- **The input**:
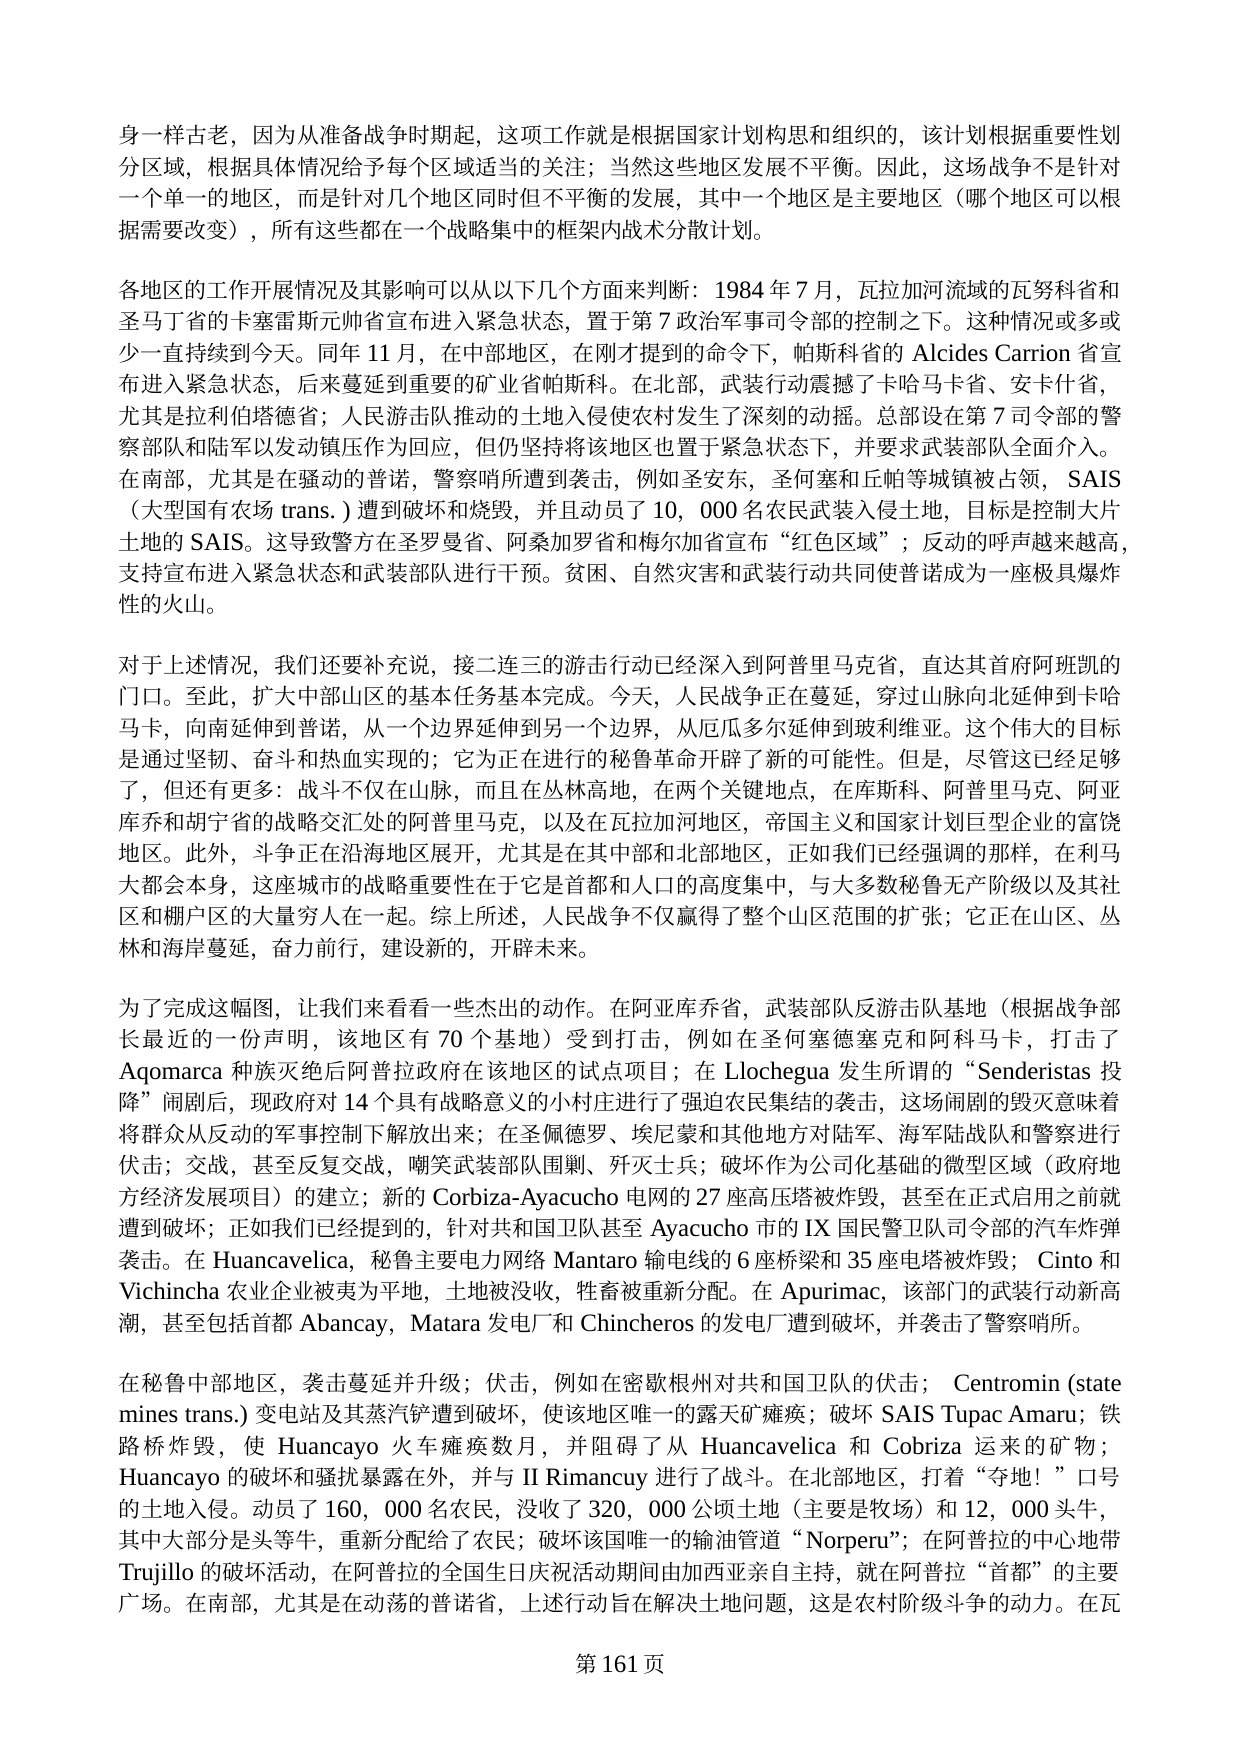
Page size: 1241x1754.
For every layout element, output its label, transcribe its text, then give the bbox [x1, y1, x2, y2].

text 各地区的工作开展情况及其影响可以从以下几个方面来判断：1984年7月，瓦拉加河流域的瓦努科省和圣马丁省的卡塞雷斯元帅省宣布进入紧急状态，置于第7政治军事司令部的控制之下。这种情况或多或少一直持续到今天。同年11月，在中部地区，在刚才提到的命令下，帕斯科省的 Alcides Carrion 省宣布进入紧急状态，后来蔓延到重要的矿业省帕斯科。在北部，武装行动震撼了卡哈马卡省、安卡什省，尤其是拉利伯塔德省；人民游击队推动的土地入侵使农村发生了深刻的动摇。总部设在第7司令部的警察部队和陆军以发动镇压作为回应，但仍坚持将该地区也置于紧急状态下，并要求武装部队全面介入。在南部，尤其是在骚动的普诺，警察哨所遭到袭击，例如圣安东，圣何塞和丘帕等城镇被占领，SAIS（大型国有农场 trans. ) 遭到破坏和烧毁，并且动员了10，000名农民武装入侵土地，目标是控制大片土地的 SAIS。这导致警方在圣罗曼省、阿桑加罗省和梅尔加省宣布“红色区域”；反动的呼声越来越高，支持宣布进入紧急状态和武装部队进行干预。贫困、自然灾害和武装行动共同使普诺成为一座极具爆炸性的火山。 [118, 273, 1122, 619]
text 为了完成这幅图，让我们来看看一些杰出的动作。在阿亚库乔省，武装部队反游击队基地（根据战争部长最近的一份声明，该地区有70个基地）受到打击，例如在圣何塞德塞克和阿科马卡，打击了Aqomarca 种族灭绝后阿普拉政府在该地区的试点项目；在 Llochegua 发生所谓的“Senderistas 投降”闹剧后，现政府对14个具有战略意义的小村庄进行了强迫农民集结的袭击，这场闹剧的毁灭意味着将群众从反动的军事控制下解放出来；在圣佩德罗、埃尼蒙和其他地方对陆军、海军陆战队和警察进行伏击；交战，甚至反复交战，嘲笑武装部队围剿、歼灭士兵；破坏作为公司化基础的微型区域（政府地方经济发展项目）的建立；新的 Corbiza-Ayacucho 电网的27座高压塔被炸毁，甚至在正式启用之前就遭到破坏；正如我们已经提到的，针对共和国卫队甚至 Ayacucho 市的 IX 国民警卫队司令部的汽车炸弹袭击。在 Huancavelica，秘鲁主要电力网络 Mantaro 输电线的6座桥梁和35座电塔被炸毁； Cinto 和 Vichincha 农业企业被夷为平地，土地被没收，牲畜被重新分配。在 Apurimac，该部门的武装行动新高潮，甚至包括首都 Abancay，Matara 发电厂和 Chincheros 的发电厂遭到破坏，并袭击了警察哨所。 [118, 991, 1122, 1337]
text 在秘鲁中部地区，袭击蔓延并升级；伏击，例如在密歇根州对共和国卫队的伏击； Centromin (state mines trans.) 变电站及其蒸汽铲遭到破坏，使该地区唯一的露天矿瘫痪；破坏 SAIS Tupac Amaru；铁路桥炸毁，使 Huancayo 火车瘫痪数月，并阻碍了从 Huancavelica 和 Cobriza 运来的矿物； Huancayo 的破坏和骚扰暴露在外，并与 II Rimancuy 进行了战斗。在北部地区，打着“夺地！”口号的土地入侵。动员了160，000名农民，没收了320，000公顷土地（主要是牧场）和12，000头牛，其中大部分是头等牛，重新分配给了农民；破坏该国唯一的输油管道“Norperu”；在阿普拉的中心地带 Trujillo 的破坏活动，在阿普拉的全国生日庆祝活动期间由加西亚亲自主持，就在阿普拉“首都”的主要广场。在南部，尤其是在动荡的普诺省，上述行动旨在解决土地问题，这是农村阶级斗争的动力。在瓦 [118, 1366, 1122, 1618]
text 对于上述情况，我们还要补充说，接二连三的游击行动已经深入到阿普里马克省，直达其首府阿班凯的门口。至此，扩大中部山区的基本任务基本完成。今天，人民战争正在蔓延，穿过山脉向北延伸到卡哈马卡，向南延伸到普诺，从一个边界延伸到另一个边界，从厄瓜多尔延伸到玻利维亚。这个伟大的目标是通过坚韧、奋斗和热血实现的；它为正在进行的秘鲁革命开辟了新的可能性。但是，尽管这已经足够了，但还有更多：战斗不仅在山脉，而且在丛林高地，在两个关键地点，在库斯科、阿普里马克、阿亚库乔和胡宁省的战略交汇处的阿普里马克，以及在瓦拉加河地区，帝国主义和国家计划巨型企业的富饶地区。此外，斗争正在沿海地区展开，尤其是在其中部和北部地区，正如我们已经强调的那样，在利马大都会本身，这座城市的战略重要性在于它是首都和人口的高度集中，与大多数秘鲁无产阶级以及其社区和棚户区的大量穷人在一起。综上所述，人民战争不仅赢得了整个山区范围的扩张；它正在山区、丛林和海岸蔓延，奋力前行，建设新的，开辟未来。 [118, 648, 1122, 962]
text 身一样古老，因为从准备战争时期起，这项工作就是根据国家计划构思和组织的，该计划根据重要性划分区域，根据具体情况给予每个区域适当的关注；当然这些地区发展不平衡。因此，这场战争不是针对一个单一的地区，而是针对几个地区同时但不平衡的发展，其中一个地区是主要地区（哪个地区可以根据需要改变），所有这些都在一个战略集中的框架内战术分散计划。 [118, 118, 1122, 244]

- **About this task**: Nothing but the lines from the start of the records above through the line with "273, 1122, 619]" should be retyped, each exactly as written; leave out all pictures.

- **The completed task**:
Page size: 1241x1754.
For every layout element, output its label, transcribe its text, then give the bbox [x1, y1, x2, y2].

text 各地区的工作开展情况及其影响可以从以下几个方面来判断：1984年7月，瓦拉加河流域的瓦努科省和圣马丁省的卡塞雷斯元帅省宣布进入紧急状态，置于第7政治军事司令部的控制之下。这种情况或多或少一直持续到今天。同年11月，在中部地区，在刚才提到的命令下，帕斯科省的 Alcides Carrion 省宣布进入紧急状态，后来蔓延到重要的矿业省帕斯科。在北部，武装行动震撼了卡哈马卡省、安卡什省，尤其是拉利伯塔德省；人民游击队推动的土地入侵使农村发生了深刻的动摇。总部设在第7司令部的警察部队和陆军以发动镇压作为回应，但仍坚持将该地区也置于紧急状态下，并要求武装部队全面介入。在南部，尤其是在骚动的普诺，警察哨所遭到袭击，例如圣安东，圣何塞和丘帕等城镇被占领，SAIS（大型国有农场 trans. ) 遭到破坏和烧毁，并且动员了10，000名农民武装入侵土地，目标是控制大片土地的 SAIS。这导致警方在圣罗曼省、阿桑加罗省和梅尔加省宣布“红色区域”；反动的呼声越来越高，支持宣布进入紧急状态和武装部队进行干预。贫困、自然灾害和武装行动共同使普诺成为一座极具爆炸性的火山。 [118, 273, 1122, 619]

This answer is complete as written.